The CLDR plural categories do not necessarily match the traditional grammatical categories. Instead, the categories are determined by changes required in a phrase or sentence if a numeric placeholder changes value. 

Minimal pairs

The categories are can be investigated by looking a minimal pairs: where a change in value forces a change in the other words. For example, the following is a minimal pair for English, establishing a difference in category between "1" and "2":

Category Resolved String Minimal Pair Template
one 1 book NUMBER book
other 2 books NUMBER books

Non-inflecting Nouns—Verbs

Some languages, like Bengali, do not change the form of the following noun when the numeric value changes. Even where nouns are invariant, other parts of a sentence might change. That is sufficient to establish a minimal pair. For example, even if all nouns in English were invariant (like 'fish' or 'sheep'), the verb changes are sufficient to establish a minimal pair:

Category Resolved String Minimal Pair Template
one 1 fish is swimming NUMBER fish is swimming
other 2 fish are swimming NUMBER fish are swimming

Non-inflecting Nouns—Pronouns

In other cases, even the verb doesn't change, but referents (such as pronouns) change. So a minimal pair in such a language might look something like:

CategoryResolved StringMinimal Pair Template
oneYou have 1 fish in your cart; do you want to buy it?You have NUMBER fish in your cart; do you want to buy it?
otherYou have 2 fish in your cart; do you want to buy them?You have NUMBER fish in your cart; do you want to buy them

Multiple Nouns

In many cases, a single noun doesn't exhibit all the numeric forms. For example, in Welsh the following is a minimal pair that separates 1 and 2:

CategoryResolved String
one1 ci
twogi

But the form of this word is the same for 1 and 4. We need a separate word to get a minimal pair that separates 1 and 4:

CategoryResolved String
one1 gath
two1 cath

These combine into a single Minimal Pair Template that can be used to separate all 6 forms in Welsh.
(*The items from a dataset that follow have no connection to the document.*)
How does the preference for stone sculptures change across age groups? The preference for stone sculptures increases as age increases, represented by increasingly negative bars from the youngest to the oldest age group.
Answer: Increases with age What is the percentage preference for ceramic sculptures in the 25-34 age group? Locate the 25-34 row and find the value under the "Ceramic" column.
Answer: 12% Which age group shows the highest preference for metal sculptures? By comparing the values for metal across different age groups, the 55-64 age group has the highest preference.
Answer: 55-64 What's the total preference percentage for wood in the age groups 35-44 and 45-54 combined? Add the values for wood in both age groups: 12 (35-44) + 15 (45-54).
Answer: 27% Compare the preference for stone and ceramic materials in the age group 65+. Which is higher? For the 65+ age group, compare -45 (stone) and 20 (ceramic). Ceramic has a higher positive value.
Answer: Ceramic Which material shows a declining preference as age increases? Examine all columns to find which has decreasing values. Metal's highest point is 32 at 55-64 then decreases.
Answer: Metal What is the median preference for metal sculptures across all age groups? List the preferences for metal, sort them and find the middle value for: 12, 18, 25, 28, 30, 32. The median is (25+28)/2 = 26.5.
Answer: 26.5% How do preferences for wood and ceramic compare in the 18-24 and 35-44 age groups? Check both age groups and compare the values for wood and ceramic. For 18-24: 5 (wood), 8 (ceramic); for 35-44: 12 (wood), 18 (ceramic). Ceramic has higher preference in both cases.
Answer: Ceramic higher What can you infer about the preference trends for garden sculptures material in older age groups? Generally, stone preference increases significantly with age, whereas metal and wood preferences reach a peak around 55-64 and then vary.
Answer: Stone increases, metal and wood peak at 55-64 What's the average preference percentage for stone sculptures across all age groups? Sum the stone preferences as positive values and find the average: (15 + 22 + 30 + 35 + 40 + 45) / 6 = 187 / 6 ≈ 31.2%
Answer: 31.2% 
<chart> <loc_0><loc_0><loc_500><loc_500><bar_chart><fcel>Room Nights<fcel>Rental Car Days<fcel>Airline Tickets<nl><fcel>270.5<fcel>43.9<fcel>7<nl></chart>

CategoryResolved StringMinimal Pair Template
zero0 cŵn, 0 cathodNUMBER cŵn, NUMBER cathod
one1 ci, 1 gathNUMBER ci, NUMBER gath
two2 gi, 2 gathNUMBER gi, NUMBER gath
few3 chi, 3 cathNUMBER chi, NUMBER cath
many6 chi, 6 chathNUMBER chi, NUMBER chath
other4 ci, 4 cathNUMBER ci, NUMBER cath

Russian is similar, needing two different nouns:

CategoryResolved StringMinimal Pair Template
oneиз 1 книги за 1 деньиз NUMBER книги за NUMBER день
fewиз 2 книг за 2 дняиз NUMBER книг за NUMBER дня
manyиз 5 книг за 5 днейиз NUMBER книг за NUMBER дней
otherиз 1,5 книги за 1,5 дняиз NUMBER книги за NUMBER дня

The minimal pairs are those that are required for correct grammar. So because 0 and 1 don't have to form a minimal pair (it is ok—even though often not optimal—to say "0 people") , 0 doesn't establish a separate category. However, implementations are encouraged to provide the ability to have special plural messages for 0 in particular, so that more natural language can be used:
  • None of your friends are online.
    rather than
  • You have 0 friends online.

Fractions

In some languages, fractions fractions require a separate category. For example, Russian 'other' in the example above. In some languages, they all in a single category with some integers, and in some languages they are in multiple categories. In any case, they also need to be examined to make sure that there are sufficial minimal pairs.

Rules

The next step is to determine the rules: which numbers go into which categories.

Integers

Test a variety of integers. Look for cases where the 'teens' (11-19) behave differently. Many languages only care about the last 2 digits only, or the last digit only.

Fractions

Fractions are often a bit tricky to determine: languages have very different behavior for them. In some languages the fraction is ignored (when selecting the category), in some languages the final digits of the fraction are important, in some languages a number changes category just if there are visible trailing zeros. Make sure to try out a range of fractions to make sure how the numbers behave: values like 1 vs 1.0 may behave differently, as may numbers like 1.1 vs 1.2 vs 1.21, and so on.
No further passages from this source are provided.